Another explanation of attachment is the behaviourist approach or the learning approach. This was tested by Pavlov who conducted an experiment on the salivation of dogs to see if he could get an automated response. Each time he fed them, he would ring a bell before hand to see if it could form a new stimulus/response action. He found that eventually, the dogs salivated when they heard the bell and not when they saw the food because they had replaced the stimulus of food with the stimulus of the bell. Putting this into context of attachments, this experiment suggested that babies associated the person who fed them with the pleasure they were receiving from food. As a result, they eventually produced pleasure from the feeder alone, without the food, forming a conditioned stimulus (the feeder) and a conditioned response (the attachment). This agreed with Freud’s psychoanalytic theory suggesting that food was the drive for attachment and that infants will eventually become attached to the figure that provides them with their food.
But this theory, similar to the psychoanalytic approach, doesn’t allow for any other sources of attachment to be considered. Both these approaches are “cupboard love” theories, which means that they both suggest attachment relies on food alone. This is why they do not allow for any other sources of attachment to be considered, such as love or attention received. For example, according to these two theories, the PCG must always be the same person as the PAF, which isn’t always true in reality. Not only that, but the behaviourist approach reduces a complex human into a simple stimulus response pair. It assumes that the human mentality is much simpler than it is in real life.
Schaffer and Emerson conducted a study where they looked at 60 children throughout infancy and studied their development of attachments. They found that in 39% of the cases the PCG was not the PAF. More specifically, the mother was not always the one to feed the babies and yet they found that the infants were still more strongly attached to their mothers, not the feeders. They also found that it was in fact responsiveness and interaction that seemed to be key in the stronger attachments. This meant that mothers who met the demands of their children quicker and more caringly would form stronger attachments than those mothers who failed to pay their child any attention, despite whether they fed them or not.

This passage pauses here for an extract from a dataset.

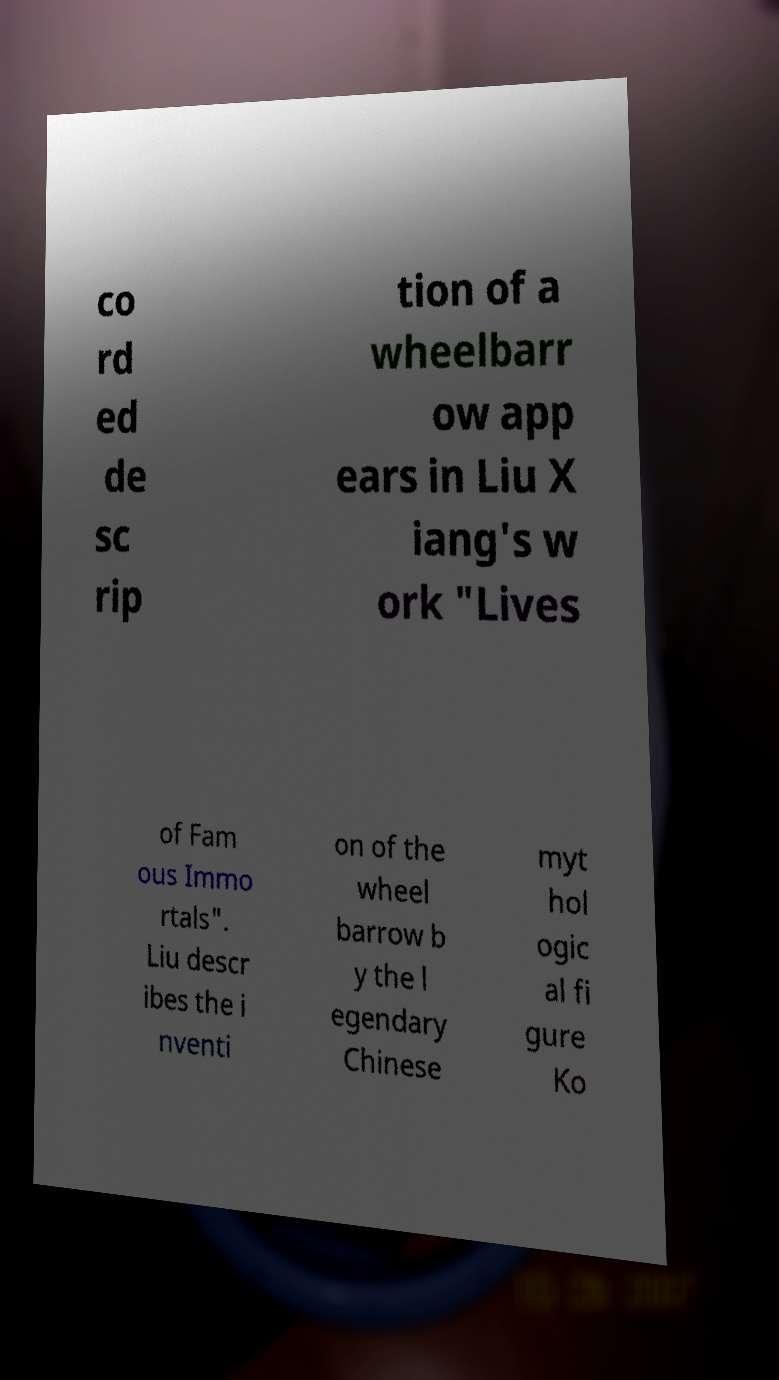Could you assist in decoding the text presented in this image and type it out clearly? co rd ed de sc rip tion of a wheelbarr ow app ears in Liu X iang's w ork "Lives of Fam ous Immo rtals". Liu descr ibes the i nventi on of the wheel barrow b y the l egendary Chinese myt hol ogic al fi gure Ko

This is strong evidence to suggest that the behaviourist and psychoanalytic theories are not in fact that accurate and do not posses a strong ability to explain attachment.
These two theories of attachment can also be questioned by the experiment conducted by Harlow. He took rhesus monkeys and placed them in environments with two “surrogate mothers”. One of the mothers had a feeding bottle in which the monkeys could retrieve food and water from. The other mother was wrapped in a soft cloth but provided no food for the monkeys. Harlow found that the monkeys spent the most time with the mother in the soft cloth rather than the mother who provided them with food. This supports the suggestion that the behaviourist theory is incorrect and that food is not the only reason for attachment. It agrees with Schaffer and Emerson’s study in that food was not the key factor in forming the strongest attachments among infants. However, this experiment was conducted using monkeys and therefore has low population validity, as it cannot be generalised to all humans.

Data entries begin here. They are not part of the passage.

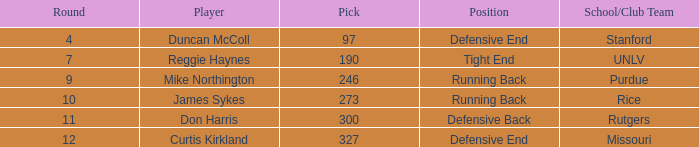What is the total number of rounds that had draft pick 97, duncan mccoll? 0.0. 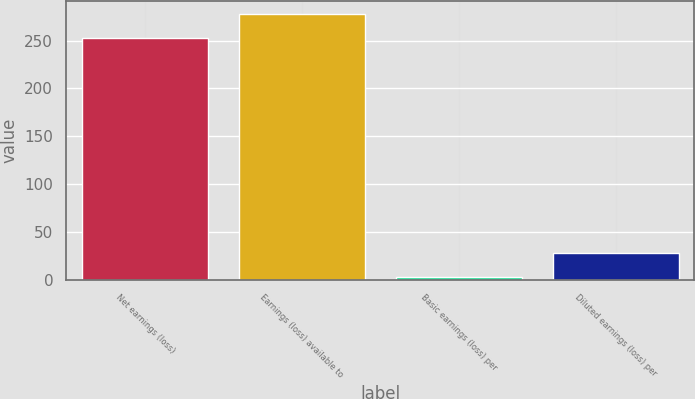Convert chart. <chart><loc_0><loc_0><loc_500><loc_500><bar_chart><fcel>Net earnings (loss)<fcel>Earnings (loss) available to<fcel>Basic earnings (loss) per<fcel>Diluted earnings (loss) per<nl><fcel>253<fcel>278.05<fcel>2.55<fcel>27.6<nl></chart> 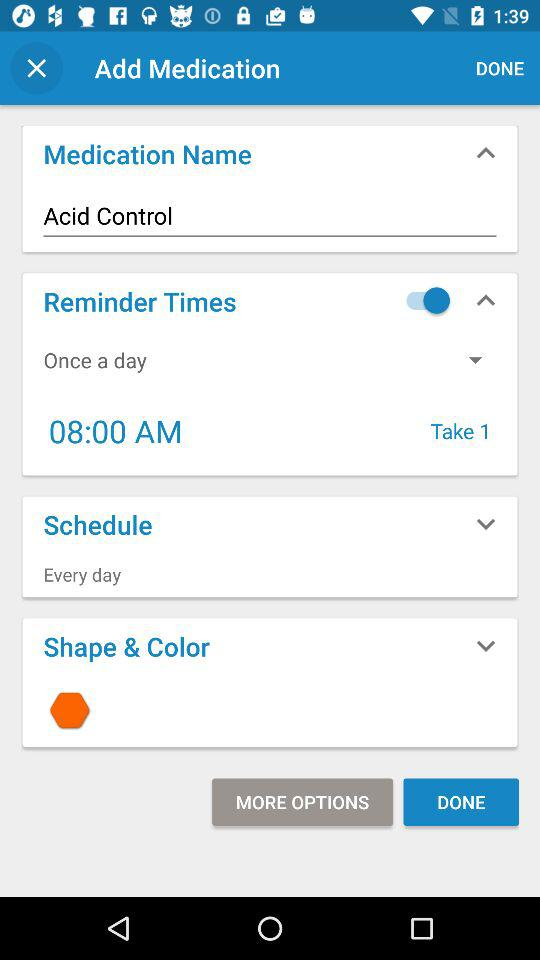What is the quantity of medicine to be taken daily? The quantity is 1.

Overall, there is strong evidence to suggest that both the psychoanalytic approach and the behaviourist approach are incorrect and that they show weak ability of explaining what causes attachments in infancy. Better explanations were made by Schaffer and Emerson in their study of 60 children and their primary and multiple attachments and Harlow and his monkeys, where monkeys preferred the soft mother than the food-providing mother. These both suggest that primary attachments are in fact down to the love and attention they receive and the interaction they are provided with as oppose to who supplies them with their food.